- Provided data
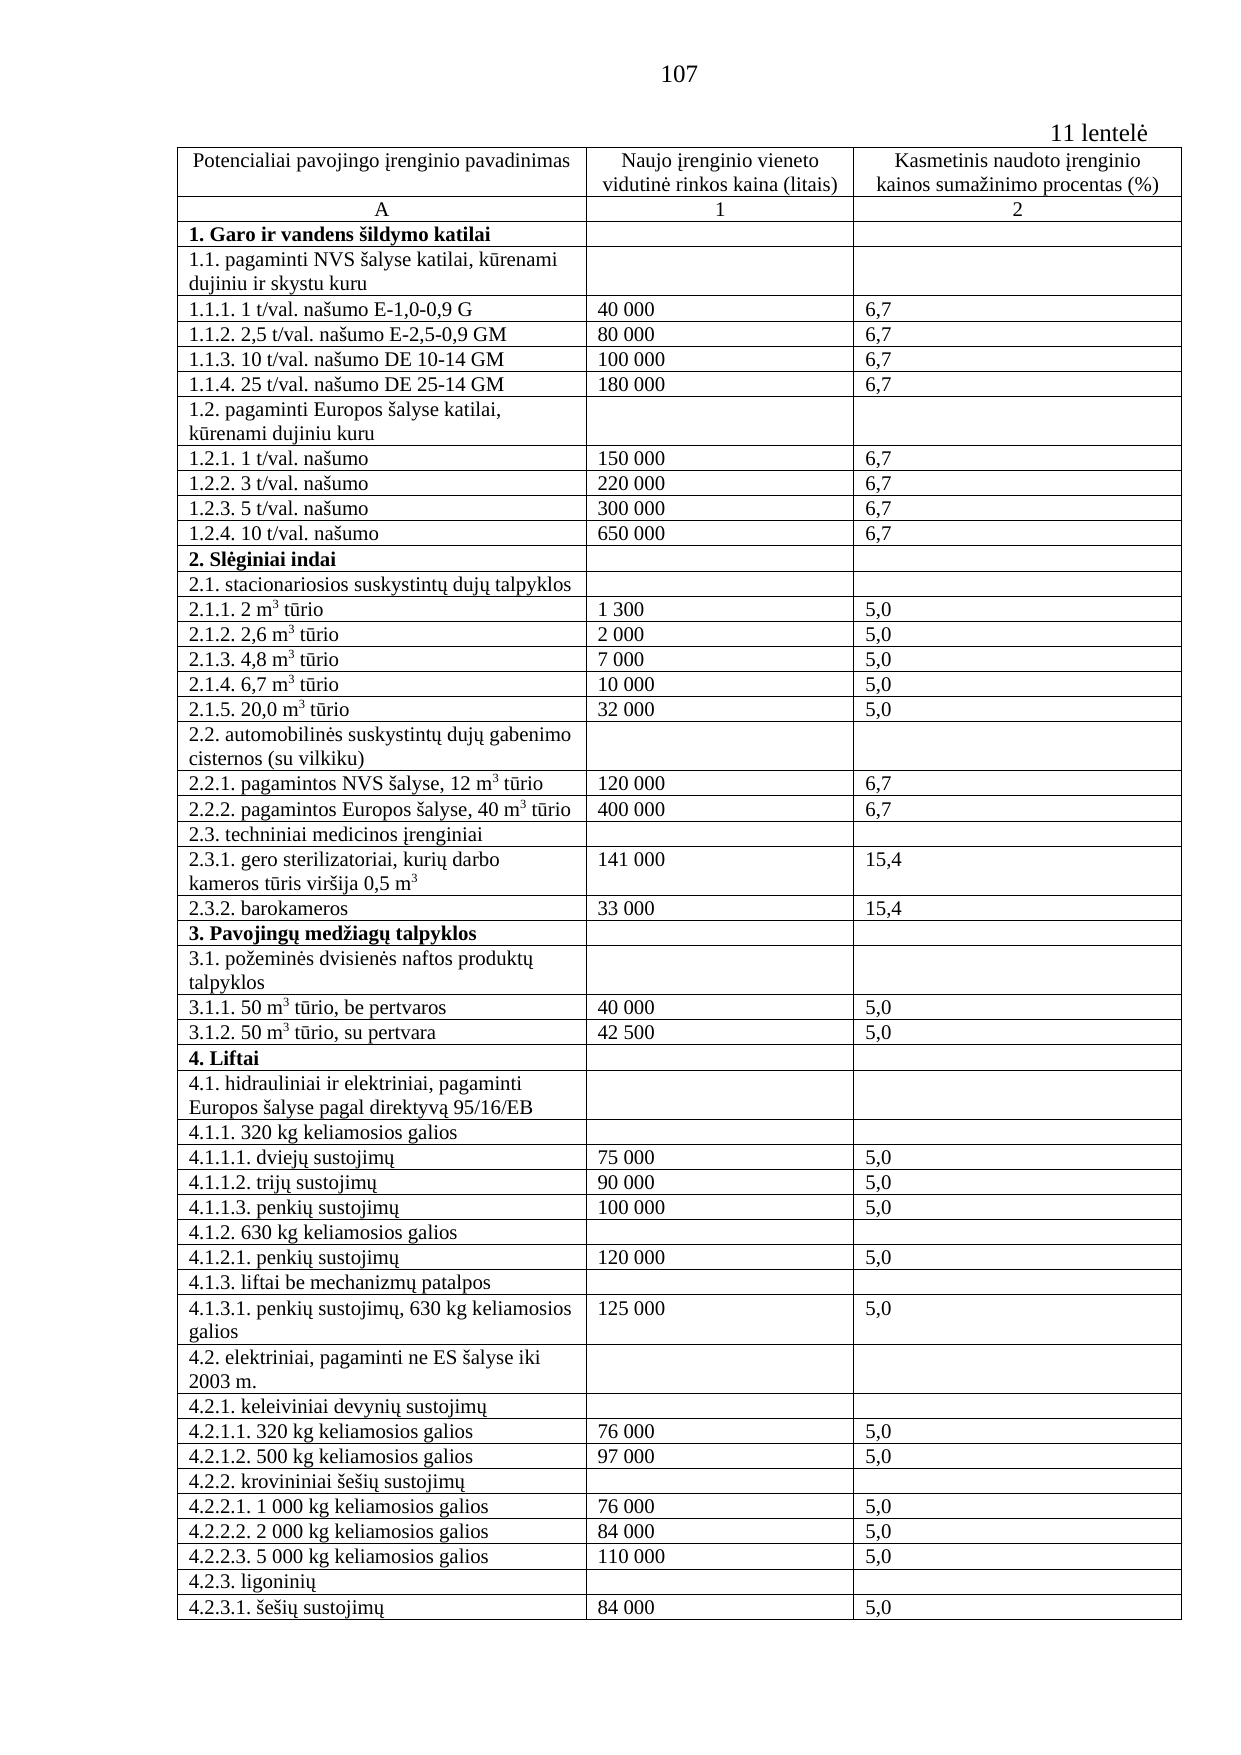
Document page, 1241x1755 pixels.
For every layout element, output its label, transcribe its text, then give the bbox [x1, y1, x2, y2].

text 11 lentelė [177, 118, 1181, 147]
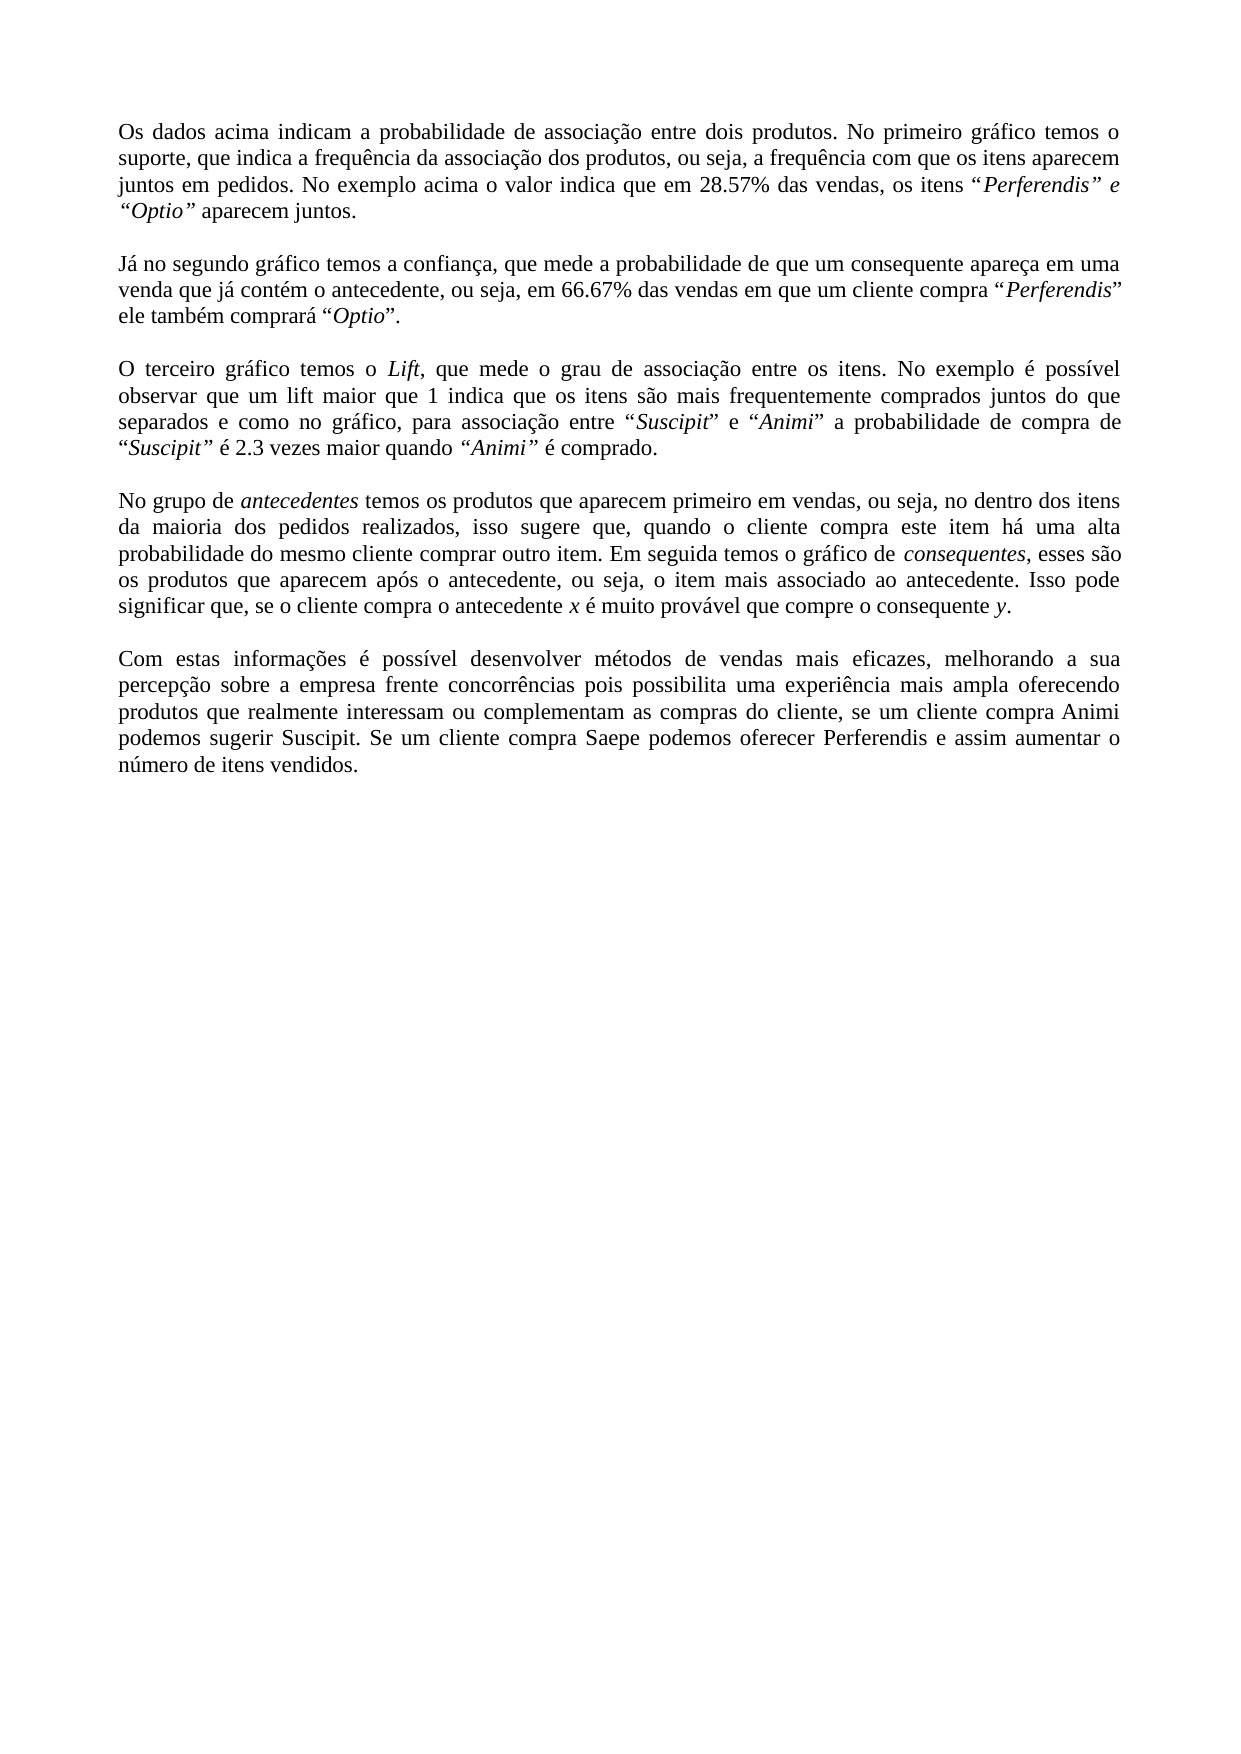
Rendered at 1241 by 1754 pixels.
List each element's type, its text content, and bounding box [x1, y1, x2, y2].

text Já no segundo gráfico temos a confiança, que mede a probabilidade de que um consequente apareça em uma venda que já contém o antecedente, ou seja, em 66.67% das vendas em que um cliente compra “Perferendis” ele também comprará “Optio”. [118, 250, 1122, 329]
text O terceiro gráfico temos o Lift, que mede o grau de associação entre os itens. No exemplo é possível observar que um lift maior que 1 indica que os itens são mais frequentemente comprados juntos do que separados e como no gráfico, para associação entre “Suscipit” e “Animi” a probabilidade de compra de “Suscipit” é 2.3 vezes maior quando “Animi” é comprado. [118, 355, 1122, 461]
text No grupo de antecedentes temos os produtos que aparecem primeiro em vendas, ou seja, no dentro dos itens da maioria dos pedidos realizados, isso sugere que, quando o cliente compra este item há uma alta probabilidade do mesmo cliente comprar outro item. Em seguida temos o gráfico de consequentes, esses são os produtos que aparecem após o antecedente, ou seja, o item mais associado ao antecedente. Isso pode significar que, se o cliente compra o antecedente x é muito provável que compre o consequente y. [118, 487, 1122, 619]
text Com estas informações é possível desenvolver métodos de vendas mais eficazes, melhorando a sua percepção sobre a empresa frente concorrências pois possibilita uma experiência mais ampla oferecendo produtos que realmente interessam ou complementam as compras do cliente, se um cliente compra Animi podemos sugerir Suscipit. Se um cliente compra Saepe podemos oferecer Perferendis e assim aumentar o número de itens vendidos. [118, 645, 1122, 777]
text Os dados acima indicam a probabilidade de associação entre dois produtos. No primeiro gráfico temos o suporte, que indica a frequência da associação dos produtos, ou seja, a frequência com que os itens aparecem juntos em pedidos. No exemplo acima o valor indica que em 28.57% das vendas, os itens “Perferendis” e “Optio” aparecem juntos. [118, 118, 1122, 223]

- Work to be completed
Return exactly the lines that appear in the data above between the line containing "For every layout" and the line containing "Rendered at 1241 by 1754 pixels.", both of which are included, and leave the pictures out.

- Output below
For every layout element, output its label, transcribe its text, then give the bbox [x1, y1, x2, y2].

text 11 lentelė [177, 118, 1181, 147]
Rendered at 1241 by 1754 pixels.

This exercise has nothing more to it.